May 29 09:58:11 controller-0 object-server: Starting object replication pass.
May 29 09:58:11 controller-0 object-server: Error syncing partition: #012Traceback (most recent call last):#012 File "/usr/lib/python2.7/site-packages/swift/obj/replicator.py", line 407, in update#012 self.replication_cycle))#012 File "/usr/lib/python2.7/site-packages/swift/common/utils.py", line 3666, in tpool_reraise#012 raise resp#012TypeError: must be encoded string without NULL bytes, not unicode
May 29 09:58:11 controller-0 object-server: 1/1 (100.00%) partitions replicated in 0.01s (193.88/sec, 0s remaining)
May 29 09:58:11 controller-0 object-server: 0 successes, 0 failures
May 29 09:58:11 controller-0 object-server: Object replication complete. (0.00 minutes)
May 29 09:58:11 controller-0 object-server: Replication sleeping for 30 seconds.

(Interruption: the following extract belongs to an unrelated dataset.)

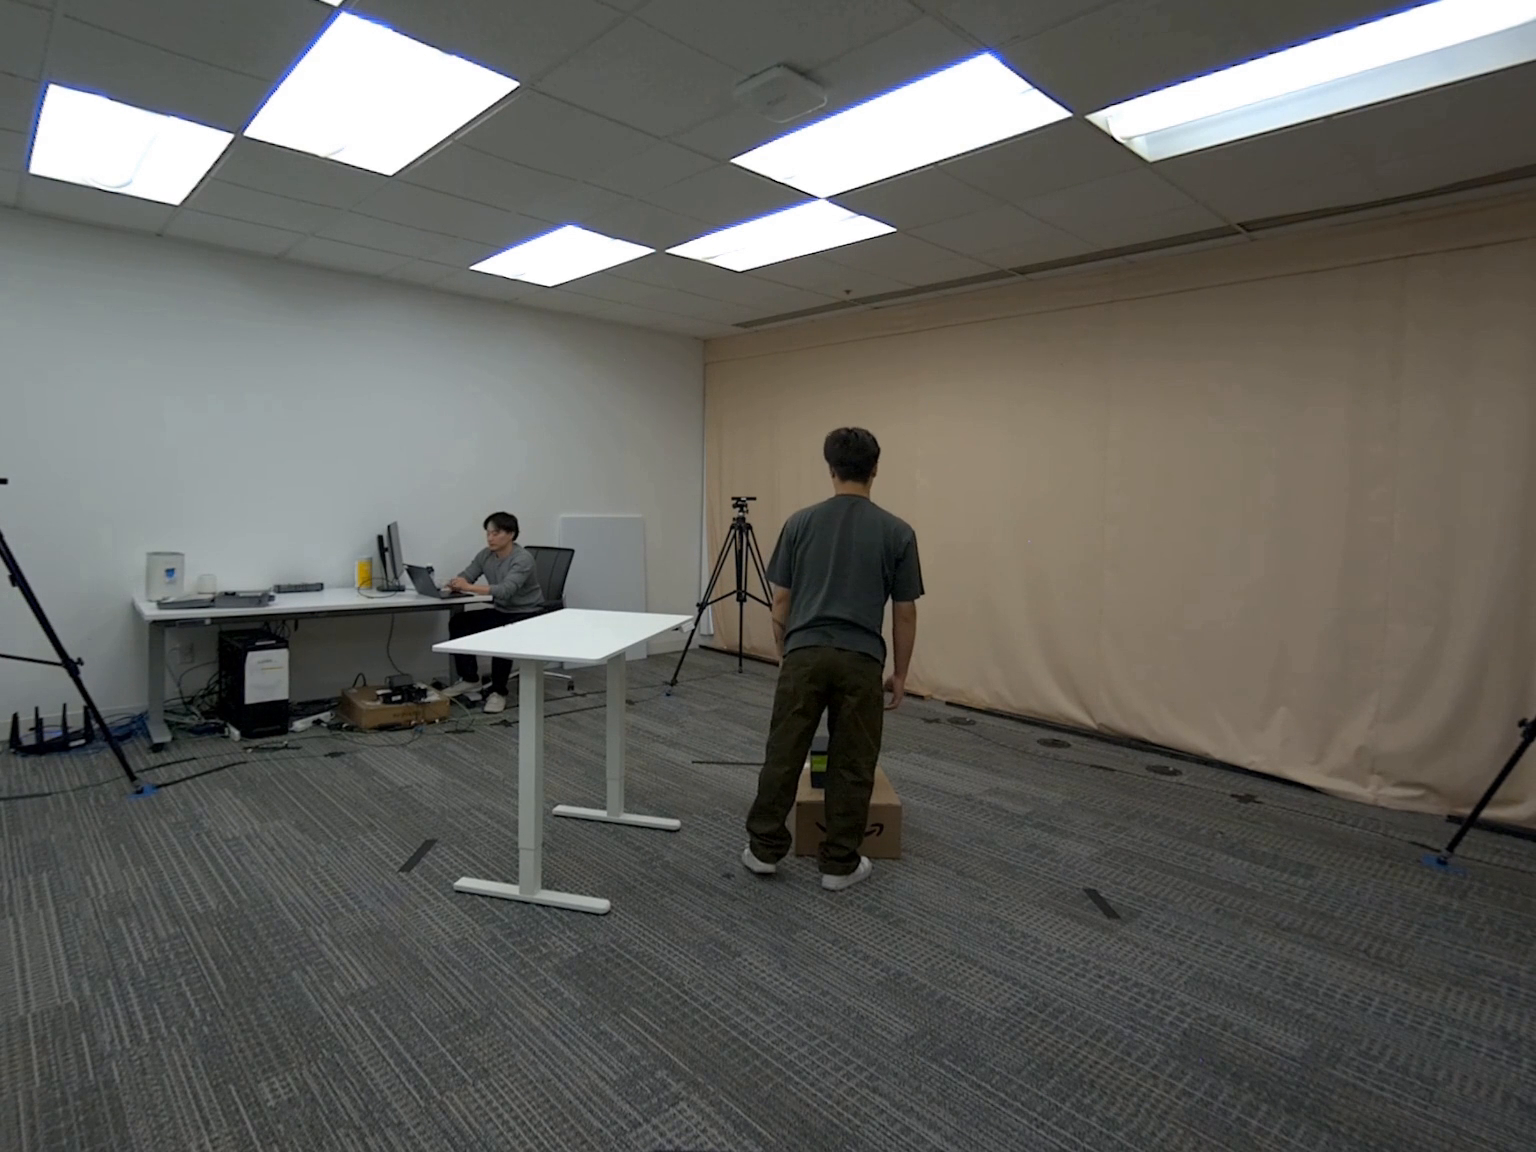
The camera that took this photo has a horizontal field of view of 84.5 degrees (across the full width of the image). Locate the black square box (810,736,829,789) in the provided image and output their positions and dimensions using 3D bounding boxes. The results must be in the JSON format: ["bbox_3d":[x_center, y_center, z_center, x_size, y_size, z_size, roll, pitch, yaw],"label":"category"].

May 29 09:58:24 controller-0 object-server: ERROR __call__ error with REPLICATE /d1/174 : #012Traceback (most recent call last):#012 File "/usr/lib/python2.7/site-packages/swift/obj/server.py", line 1150, in __call__#012 res = getattr(self, req.method)(req)#012 File "/usr/lib/python2.7/site-packages/swift/common/utils.py", line 1672, in _timing_stats#012 resp = func(ctrl, *args, **kwargs)#012 File "/usr/lib/python2.7/site-packages/swift/obj/server.py", line 1123, in REPLICATE#012 device, partition, suffixes, policy)#012 File "/usr/lib/python2.7/site-packages/swift/obj/diskfile.py", line 1408, in get_hashes#012 self._get_hashes, device, partition, policy, recalculate=suffixes)#012 File "/usr/lib/python2.7/site-packages/swift/common/utils.py", line 3666, in tpool_reraise#012 raise resp#012TypeError: must be encoded string without NULL bytes, not unicode

A simple reproducer is to create a dict with a NULL byte, eg:

with open("/srv/node/d1/objects/174/hashes.pkl", "wb+") as fh:
    fh.write(pickle.dumps({'\x00\x00\x00': False}))
    fh.close()

This gets never fixed by the replicators.

Changed in swift:
assignee: nobody → Christian Schwede (cschwede)
status: New → In Progress
Revision history for this message
Christian Schwede (cschwede) wrote :

Note: manual fix is to remove the hashes.pkl files from the partition directories that raise an error.

Revision history for this message
OpenStack Infra (hudson-openstack) wrote : Fix proposed to swift (master)

Fix proposed to branch: master
Review: https://review.opendev.org/661930

Revision history for this message
OpenStack Infra (hudson-openstack) wrote : Fix merged to swift (master)

Reviewed: https://review.opendev.org/661930
Committed: https://git.openstack.org/cgit/openstack/swift/commit/?id=c9e78d15e1e05f23facf7c28758b442bb25bde68
Submitter: Zuul
Branch: master

commit c9e78d15e1e05f23facf7c28758b442bb25bde68
Author: Christian Schwede <email address hidden>
Date: Wed May 29 11:37:54 2019 +0200

    Remove invalid dict entries from hashes.pkl

    If the data in a hashes.pkl is corrupted but still de-serialized without
    errors, it will mess up the replication and gets never fixed. This
    happens for example if one of the keys is a NULL byte.

    This patch checks if the dict keys in hashes.pkl are valid strings and
    invalidates it if not.

    Closes-Bug: 1830881
    Change-Id: I84b062d062ff49935feed0aee3e1963bb72eb5ea

Changed in swift:
status: In Progress → Fix Released
Revision history for this message
OpenStack Infra (hudson-openstack) wrote : Fix proposed to swift (feature/losf)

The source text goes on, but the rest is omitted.